Buck jerked as Ezra’s hand settled on his shoulder, very gently. He hadn’t even heard the man move.

“If there is anything I can do to prevent myself from losing another friend, then I will,” he said implacably; simply. “I have lost one friend too many as it is.”

“He isn’t dead!”

Ezra’s eyes were compassionate as Buck’s angry gaze hit them. “Really?” he asked, very softly. “My friend, in your heart of hearts, do you believe that?”

Buck shivered.

“I have looked too. Everywhere I could, and some places that I should have let be. Buck.” He waited until Buck could bring himself to meet his eyes again. “If he could come home, don’t you think he would be here already?”

“I’ve gotta hope.” Even with his face turned away Buck knew that his strangled tears were only too obvious.

“I know.” He could hardly hear Ezra’s voice, it was so soft.
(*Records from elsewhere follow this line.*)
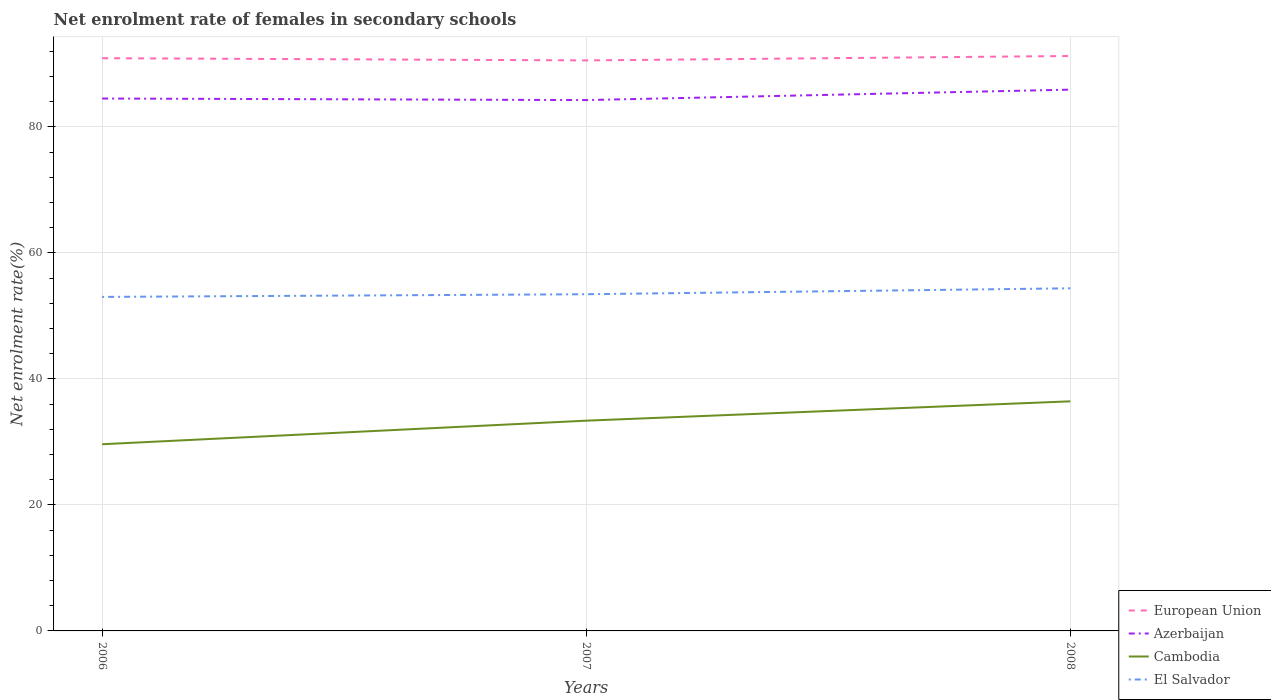Does the line corresponding to Azerbaijan intersect with the line corresponding to European Union?
Provide a succinct answer. No. Across all years, what is the maximum net enrolment rate of females in secondary schools in Azerbaijan?
Make the answer very short. 84.26. What is the total net enrolment rate of females in secondary schools in European Union in the graph?
Ensure brevity in your answer.  -0.35. What is the difference between the highest and the second highest net enrolment rate of females in secondary schools in El Salvador?
Give a very brief answer. 1.37. What is the difference between the highest and the lowest net enrolment rate of females in secondary schools in El Salvador?
Make the answer very short. 1. Is the net enrolment rate of females in secondary schools in Cambodia strictly greater than the net enrolment rate of females in secondary schools in European Union over the years?
Your answer should be compact. Yes. How many years are there in the graph?
Give a very brief answer. 3. What is the difference between two consecutive major ticks on the Y-axis?
Your answer should be compact. 20. Does the graph contain any zero values?
Offer a very short reply. No. Does the graph contain grids?
Keep it short and to the point. Yes. Where does the legend appear in the graph?
Make the answer very short. Bottom right. What is the title of the graph?
Offer a terse response. Net enrolment rate of females in secondary schools. Does "North America" appear as one of the legend labels in the graph?
Provide a short and direct response. No. What is the label or title of the Y-axis?
Your answer should be very brief. Net enrolment rate(%). What is the Net enrolment rate(%) of European Union in 2006?
Your answer should be compact. 90.91. What is the Net enrolment rate(%) of Azerbaijan in 2006?
Your answer should be very brief. 84.51. What is the Net enrolment rate(%) in Cambodia in 2006?
Your answer should be very brief. 29.63. What is the Net enrolment rate(%) of El Salvador in 2006?
Your answer should be compact. 53.02. What is the Net enrolment rate(%) of European Union in 2007?
Offer a terse response. 90.56. What is the Net enrolment rate(%) of Azerbaijan in 2007?
Give a very brief answer. 84.26. What is the Net enrolment rate(%) of Cambodia in 2007?
Offer a terse response. 33.37. What is the Net enrolment rate(%) of El Salvador in 2007?
Provide a succinct answer. 53.44. What is the Net enrolment rate(%) in European Union in 2008?
Your answer should be very brief. 91.26. What is the Net enrolment rate(%) in Azerbaijan in 2008?
Ensure brevity in your answer.  85.92. What is the Net enrolment rate(%) in Cambodia in 2008?
Your answer should be compact. 36.45. What is the Net enrolment rate(%) in El Salvador in 2008?
Offer a very short reply. 54.39. Across all years, what is the maximum Net enrolment rate(%) of European Union?
Keep it short and to the point. 91.26. Across all years, what is the maximum Net enrolment rate(%) in Azerbaijan?
Offer a terse response. 85.92. Across all years, what is the maximum Net enrolment rate(%) in Cambodia?
Your answer should be compact. 36.45. Across all years, what is the maximum Net enrolment rate(%) in El Salvador?
Provide a short and direct response. 54.39. Across all years, what is the minimum Net enrolment rate(%) in European Union?
Offer a terse response. 90.56. Across all years, what is the minimum Net enrolment rate(%) in Azerbaijan?
Your response must be concise. 84.26. Across all years, what is the minimum Net enrolment rate(%) of Cambodia?
Offer a very short reply. 29.63. Across all years, what is the minimum Net enrolment rate(%) of El Salvador?
Give a very brief answer. 53.02. What is the total Net enrolment rate(%) of European Union in the graph?
Offer a very short reply. 272.73. What is the total Net enrolment rate(%) in Azerbaijan in the graph?
Provide a succinct answer. 254.7. What is the total Net enrolment rate(%) in Cambodia in the graph?
Give a very brief answer. 99.45. What is the total Net enrolment rate(%) in El Salvador in the graph?
Provide a succinct answer. 160.85. What is the difference between the Net enrolment rate(%) of European Union in 2006 and that in 2007?
Provide a short and direct response. 0.35. What is the difference between the Net enrolment rate(%) in Azerbaijan in 2006 and that in 2007?
Offer a terse response. 0.25. What is the difference between the Net enrolment rate(%) of Cambodia in 2006 and that in 2007?
Offer a terse response. -3.74. What is the difference between the Net enrolment rate(%) of El Salvador in 2006 and that in 2007?
Your response must be concise. -0.42. What is the difference between the Net enrolment rate(%) of European Union in 2006 and that in 2008?
Your answer should be compact. -0.35. What is the difference between the Net enrolment rate(%) of Azerbaijan in 2006 and that in 2008?
Ensure brevity in your answer.  -1.41. What is the difference between the Net enrolment rate(%) in Cambodia in 2006 and that in 2008?
Offer a terse response. -6.81. What is the difference between the Net enrolment rate(%) in El Salvador in 2006 and that in 2008?
Provide a short and direct response. -1.37. What is the difference between the Net enrolment rate(%) in European Union in 2007 and that in 2008?
Offer a very short reply. -0.7. What is the difference between the Net enrolment rate(%) of Azerbaijan in 2007 and that in 2008?
Keep it short and to the point. -1.66. What is the difference between the Net enrolment rate(%) in Cambodia in 2007 and that in 2008?
Provide a short and direct response. -3.07. What is the difference between the Net enrolment rate(%) of El Salvador in 2007 and that in 2008?
Offer a terse response. -0.94. What is the difference between the Net enrolment rate(%) in European Union in 2006 and the Net enrolment rate(%) in Azerbaijan in 2007?
Make the answer very short. 6.65. What is the difference between the Net enrolment rate(%) in European Union in 2006 and the Net enrolment rate(%) in Cambodia in 2007?
Give a very brief answer. 57.54. What is the difference between the Net enrolment rate(%) in European Union in 2006 and the Net enrolment rate(%) in El Salvador in 2007?
Offer a terse response. 37.47. What is the difference between the Net enrolment rate(%) of Azerbaijan in 2006 and the Net enrolment rate(%) of Cambodia in 2007?
Your response must be concise. 51.14. What is the difference between the Net enrolment rate(%) of Azerbaijan in 2006 and the Net enrolment rate(%) of El Salvador in 2007?
Give a very brief answer. 31.07. What is the difference between the Net enrolment rate(%) of Cambodia in 2006 and the Net enrolment rate(%) of El Salvador in 2007?
Make the answer very short. -23.81. What is the difference between the Net enrolment rate(%) in European Union in 2006 and the Net enrolment rate(%) in Azerbaijan in 2008?
Offer a very short reply. 4.99. What is the difference between the Net enrolment rate(%) of European Union in 2006 and the Net enrolment rate(%) of Cambodia in 2008?
Keep it short and to the point. 54.47. What is the difference between the Net enrolment rate(%) of European Union in 2006 and the Net enrolment rate(%) of El Salvador in 2008?
Your answer should be very brief. 36.52. What is the difference between the Net enrolment rate(%) of Azerbaijan in 2006 and the Net enrolment rate(%) of Cambodia in 2008?
Provide a short and direct response. 48.07. What is the difference between the Net enrolment rate(%) in Azerbaijan in 2006 and the Net enrolment rate(%) in El Salvador in 2008?
Offer a terse response. 30.12. What is the difference between the Net enrolment rate(%) in Cambodia in 2006 and the Net enrolment rate(%) in El Salvador in 2008?
Give a very brief answer. -24.75. What is the difference between the Net enrolment rate(%) of European Union in 2007 and the Net enrolment rate(%) of Azerbaijan in 2008?
Provide a short and direct response. 4.64. What is the difference between the Net enrolment rate(%) in European Union in 2007 and the Net enrolment rate(%) in Cambodia in 2008?
Keep it short and to the point. 54.12. What is the difference between the Net enrolment rate(%) in European Union in 2007 and the Net enrolment rate(%) in El Salvador in 2008?
Offer a very short reply. 36.17. What is the difference between the Net enrolment rate(%) of Azerbaijan in 2007 and the Net enrolment rate(%) of Cambodia in 2008?
Offer a very short reply. 47.82. What is the difference between the Net enrolment rate(%) of Azerbaijan in 2007 and the Net enrolment rate(%) of El Salvador in 2008?
Provide a succinct answer. 29.88. What is the difference between the Net enrolment rate(%) of Cambodia in 2007 and the Net enrolment rate(%) of El Salvador in 2008?
Make the answer very short. -21.01. What is the average Net enrolment rate(%) of European Union per year?
Ensure brevity in your answer.  90.91. What is the average Net enrolment rate(%) of Azerbaijan per year?
Your answer should be very brief. 84.9. What is the average Net enrolment rate(%) in Cambodia per year?
Ensure brevity in your answer.  33.15. What is the average Net enrolment rate(%) of El Salvador per year?
Offer a terse response. 53.62. In the year 2006, what is the difference between the Net enrolment rate(%) in European Union and Net enrolment rate(%) in Azerbaijan?
Your answer should be very brief. 6.4. In the year 2006, what is the difference between the Net enrolment rate(%) of European Union and Net enrolment rate(%) of Cambodia?
Your answer should be compact. 61.28. In the year 2006, what is the difference between the Net enrolment rate(%) in European Union and Net enrolment rate(%) in El Salvador?
Offer a terse response. 37.89. In the year 2006, what is the difference between the Net enrolment rate(%) of Azerbaijan and Net enrolment rate(%) of Cambodia?
Your answer should be very brief. 54.88. In the year 2006, what is the difference between the Net enrolment rate(%) of Azerbaijan and Net enrolment rate(%) of El Salvador?
Make the answer very short. 31.49. In the year 2006, what is the difference between the Net enrolment rate(%) of Cambodia and Net enrolment rate(%) of El Salvador?
Give a very brief answer. -23.39. In the year 2007, what is the difference between the Net enrolment rate(%) of European Union and Net enrolment rate(%) of Azerbaijan?
Your response must be concise. 6.3. In the year 2007, what is the difference between the Net enrolment rate(%) in European Union and Net enrolment rate(%) in Cambodia?
Your answer should be compact. 57.19. In the year 2007, what is the difference between the Net enrolment rate(%) in European Union and Net enrolment rate(%) in El Salvador?
Your answer should be very brief. 37.12. In the year 2007, what is the difference between the Net enrolment rate(%) of Azerbaijan and Net enrolment rate(%) of Cambodia?
Offer a very short reply. 50.89. In the year 2007, what is the difference between the Net enrolment rate(%) of Azerbaijan and Net enrolment rate(%) of El Salvador?
Provide a succinct answer. 30.82. In the year 2007, what is the difference between the Net enrolment rate(%) in Cambodia and Net enrolment rate(%) in El Salvador?
Give a very brief answer. -20.07. In the year 2008, what is the difference between the Net enrolment rate(%) in European Union and Net enrolment rate(%) in Azerbaijan?
Ensure brevity in your answer.  5.34. In the year 2008, what is the difference between the Net enrolment rate(%) in European Union and Net enrolment rate(%) in Cambodia?
Keep it short and to the point. 54.82. In the year 2008, what is the difference between the Net enrolment rate(%) in European Union and Net enrolment rate(%) in El Salvador?
Ensure brevity in your answer.  36.88. In the year 2008, what is the difference between the Net enrolment rate(%) of Azerbaijan and Net enrolment rate(%) of Cambodia?
Keep it short and to the point. 49.48. In the year 2008, what is the difference between the Net enrolment rate(%) in Azerbaijan and Net enrolment rate(%) in El Salvador?
Offer a terse response. 31.54. In the year 2008, what is the difference between the Net enrolment rate(%) of Cambodia and Net enrolment rate(%) of El Salvador?
Make the answer very short. -17.94. What is the ratio of the Net enrolment rate(%) of Azerbaijan in 2006 to that in 2007?
Your answer should be compact. 1. What is the ratio of the Net enrolment rate(%) of Cambodia in 2006 to that in 2007?
Make the answer very short. 0.89. What is the ratio of the Net enrolment rate(%) of European Union in 2006 to that in 2008?
Your answer should be compact. 1. What is the ratio of the Net enrolment rate(%) of Azerbaijan in 2006 to that in 2008?
Offer a terse response. 0.98. What is the ratio of the Net enrolment rate(%) in Cambodia in 2006 to that in 2008?
Your response must be concise. 0.81. What is the ratio of the Net enrolment rate(%) of El Salvador in 2006 to that in 2008?
Make the answer very short. 0.97. What is the ratio of the Net enrolment rate(%) of Azerbaijan in 2007 to that in 2008?
Keep it short and to the point. 0.98. What is the ratio of the Net enrolment rate(%) in Cambodia in 2007 to that in 2008?
Provide a succinct answer. 0.92. What is the ratio of the Net enrolment rate(%) in El Salvador in 2007 to that in 2008?
Offer a terse response. 0.98. What is the difference between the highest and the second highest Net enrolment rate(%) in European Union?
Provide a short and direct response. 0.35. What is the difference between the highest and the second highest Net enrolment rate(%) in Azerbaijan?
Make the answer very short. 1.41. What is the difference between the highest and the second highest Net enrolment rate(%) of Cambodia?
Ensure brevity in your answer.  3.07. What is the difference between the highest and the second highest Net enrolment rate(%) in El Salvador?
Your response must be concise. 0.94. What is the difference between the highest and the lowest Net enrolment rate(%) of European Union?
Give a very brief answer. 0.7. What is the difference between the highest and the lowest Net enrolment rate(%) in Azerbaijan?
Your answer should be very brief. 1.66. What is the difference between the highest and the lowest Net enrolment rate(%) of Cambodia?
Keep it short and to the point. 6.81. What is the difference between the highest and the lowest Net enrolment rate(%) of El Salvador?
Your answer should be compact. 1.37.

“There ain’t no body. They wouldn’t even prosecute Madison for it.”

“I know.”

“He’s gotta be alive, Ez.” Buck said helplessly.

“Do you believe that? Or just want to believe it?” Ezra’s voice was infinitely kind, and Buck wrenched away.

“No.” He stood and shoved Ezra away, all the midnight words that tormented him now out in the open, spoken, in a low, compassionate southern accent. His breath caught. “No...”

He looked back, and found Ezra watching him sadly. “The people you talked to?” He had to stop and clear his throat roughly. He wondered if Ezra had really gone so far as to talk to his former CIA colleagues, knowing how much the man hated the time spent on liaison with them from the FBI, almost more than he had come to hate the FBI itself.

“Yes?”

“Did they know -- did they say... anything?” He couldn’t quite ask if he’d spoken to the people in the black. Maybe he was afraid it wasn’t true, maybe he was afraid it was.

Ezra just shook his head slowly, and Buck closed his eyes, and turned away.

“Buck--”

He kept looking out the window, wondering if he should turn around, or just fall apart right where he was.

“I’ve looked too. Not the same places, not the same way, but I have tried looking. We all have, in our own ways.” There was a little pause, and then Ezra said, very quietly, “You’re not the only one missing him.”

“I know,” he said, and nodded, swallowing the sudden lump in his throat. “Thanks, Ez. I’ll -- I’ll remember what you said.”

“Thank me by staying alive, Buck,” Ezra said, and left.

---------------------------------

date unknown

”Mr. Dunne?” The ATF academy training director called from his office, and JD stood and marched smartly inside.

He stood rigidly, his hands behind his back, his eyes facing straight ahead over his nemesis’s head.

”Mr. Dunne. Take a seat.” Rob Becker sighed, and paper rustled. JD risked a quick look and found the man staring at a file marked DUNNE, J. D. He stayed standing. “Mr. Dunne, would you like to explain your actions?”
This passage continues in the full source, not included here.